Dissonance and arrhythm are a major part of the battle music setup in this game – “Thousand Blade Wyvern” has a semi-syncopated opening percussion sequence, and a descending set of notes that repeat throughout the song. “Conclusion of the Storm” starts with a shrieking dissonance of high strings, and while a sinister melody plays on softer plucked strings amid light percussion, but is frequently drowned out by the more heart-pounding brass and percussion. Unlike a lot of current game music, the battles of this game are not, at this point in the album, meant for you to be something to hum along to as you play, but instead something to get your pulse going as you fight in-game. These are not fun, catchy battle tracks, but harsh, almost nervewracking, pieces. For the purpose of the game, they work; battles are certainly serious affairs in Monster Hunter, although in terms of out-of-game music, I found myself more gravitated towards the more mellow tracks for easy listening.
Not all of the battle tracks follow this pattern, however. “Heavy Wings” was one of my favorite tracks on the whole album, sounding like some cross between a Danny Elfman opening sequence and a Final Fantasy boss theme. If nothing else, the sheer quirkiness of the piece – whether it was in the celli or percussion occasionally mixed with what sounds like extremely subtle vocals – drew my attention at the end of an album that combines so many different styles. “Before the Performance” follows neither the pattern of the mild pieces nor the pattern of the more intense battle pieces, instead reflecting the sounds of an eerie music box with a slightly more nuanced set of plucked strings.
Vocals are also used in a large portion of the album, from the background sounds of “Crimson Corner” to the very forefront of other tracks like “Prelude,” which is an actual song, with an instrumental opening and a lead singer.
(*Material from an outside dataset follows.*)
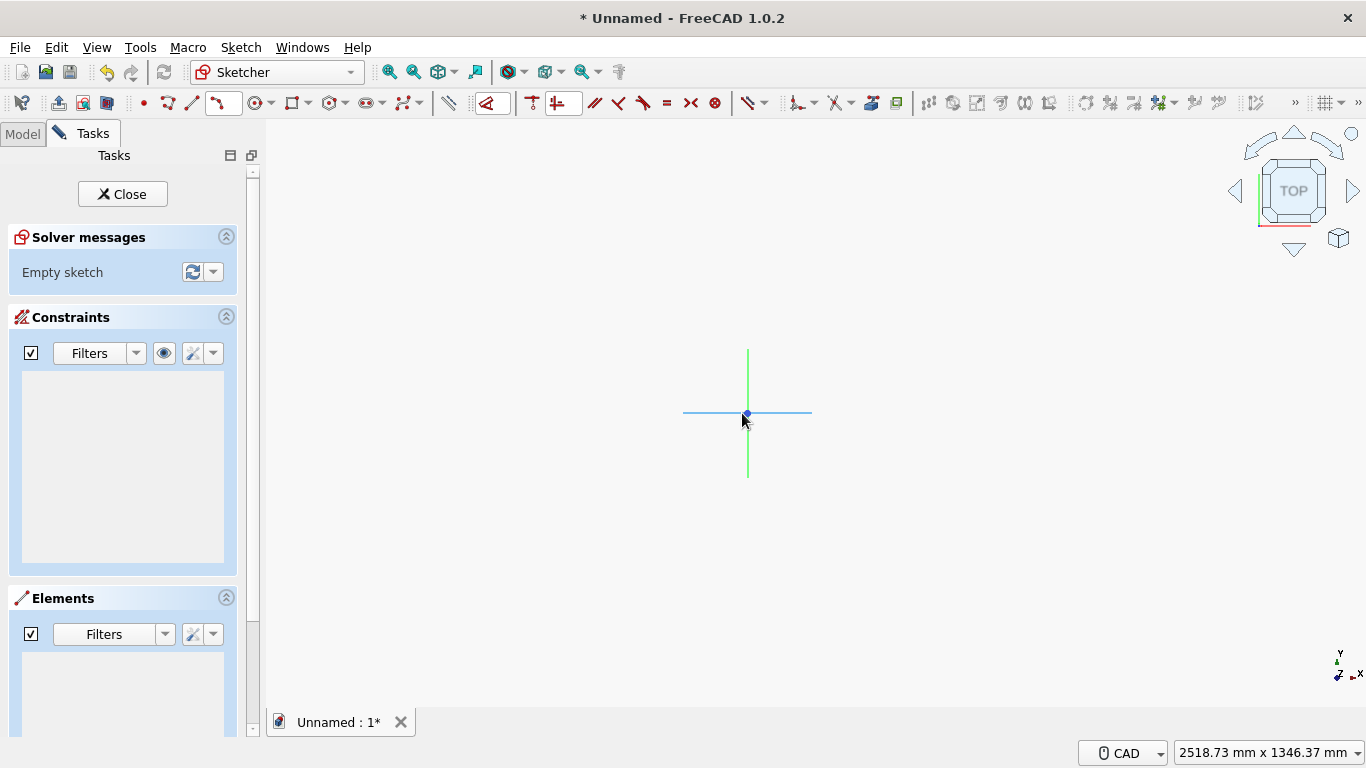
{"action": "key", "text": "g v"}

The song has an Celtic feel, with many portions being sung in constant harmonies, and primarily consists of female vocals; the lead soloist is a soprano with a strong voice and extremely gentle vibrato, which lends itself well to the techniques used in “Prelude,” particularly the constant harmonies and doubled voices. “The Red Flame of Disaster” is another vocal track, this one featuring a full choir in a more traditional game soundtrack setting. One of the most dramatic songs on the album, “Red Flame” opens with a slow and deliberate chorus ultimately ending in chromatic patterns, and is interspersed with a celli pattern echoing that of “Heavy Wings.” The piece sounds almost Baroque at times before quickly backing down and looping.
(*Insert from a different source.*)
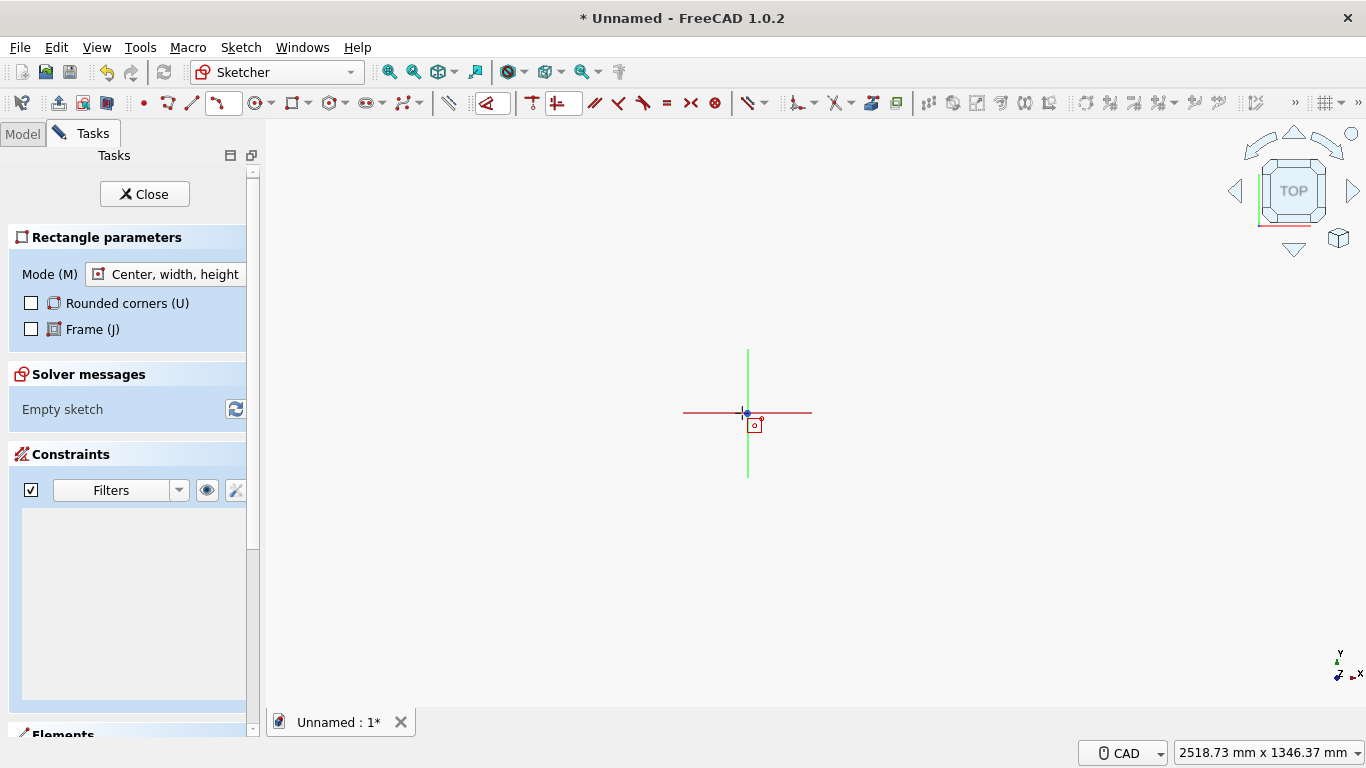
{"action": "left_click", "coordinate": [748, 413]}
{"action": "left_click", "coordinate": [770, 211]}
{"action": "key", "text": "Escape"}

The second disc of Monster Hunter Hunting Music Collection IV features a “best-of” collection of tracks from the Monster Hunter 3 and 4 original soundtracks. A number of similar Hunting Music Collection albums that feature similar collections from the franchise have been released since the series first began in 2004. As the name suggests, these collections are of specific hunting battle tracks, not just any tracks from the game. There are several side effects to having such a high number of collections over shorter spans of time, perhaps the most obvious of which is that there are smaller pools of music to choose from each time. This of course affects the quality to some degree, but the biggest issue for me was the lack of balance in the album. I would first like to note that most of the songs were quite good. I don’t doubt that the collection accurately represents the best hunting tracks from the two soundtracks. The issue is that the majority of tracks featured on this disc are representative of the battle themes described from disc one. While something like “Heavy Wings” does certainly stand out as an engaging theme on the first disc, a whole disc of similar pieces would be overwhelming, and that’s unfortunately what happens with disc two of the music collection.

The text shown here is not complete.